* [Work order] Find the lines holding the string "object" in the data, then copy all of them.

(Stored records)
------------------------

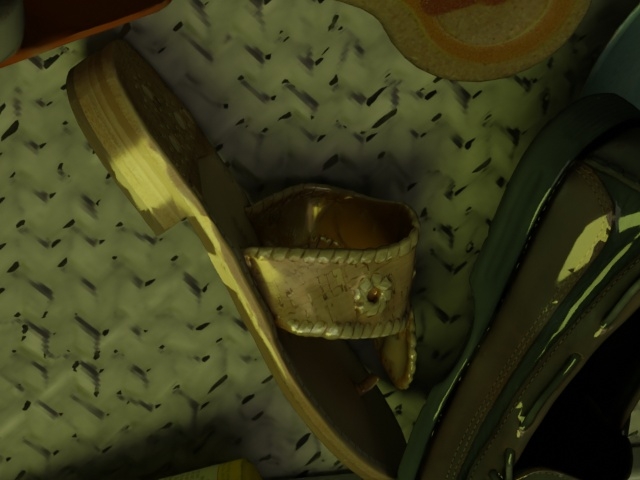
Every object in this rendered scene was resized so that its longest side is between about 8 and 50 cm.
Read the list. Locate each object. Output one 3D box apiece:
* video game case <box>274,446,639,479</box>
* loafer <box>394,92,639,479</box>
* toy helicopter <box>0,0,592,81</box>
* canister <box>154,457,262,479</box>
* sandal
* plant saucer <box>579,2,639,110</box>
[{"bbox_3d":[0.075,0.195,0.975,0.227,0.026,0.206,-4,123,-9],"label":"video game case"},{"bbox_3d":[0.096,0.070,0.809,0.096,0.084,0.267,-25,141,-41],"label":"loafer"},{"bbox_3d":[-0.068,-0.120,0.679,0.355,0.140,0.235,16,119,-24],"label":"toy helicopter"},{"bbox_3d":[-0.096,0.169,0.879,0.170,0.073,0.126,-15,122,7],"label":"canister"},{"bbox_3d":[0.000,0.004,0.798,0.079,0.088,0.240,-31,119,15],"label":"sandal"},{"bbox_3d":[0.193,-0.054,0.832,0.195,0.037,0.195,-6,124,-9],"label":"plant saucer"}]

------------------------

* [Output of the task]
Every object in this rendered scene was resized so that its longest side is between about 8 and 50 cm.
Read the list. Locate each object. Output one 3D box apiece:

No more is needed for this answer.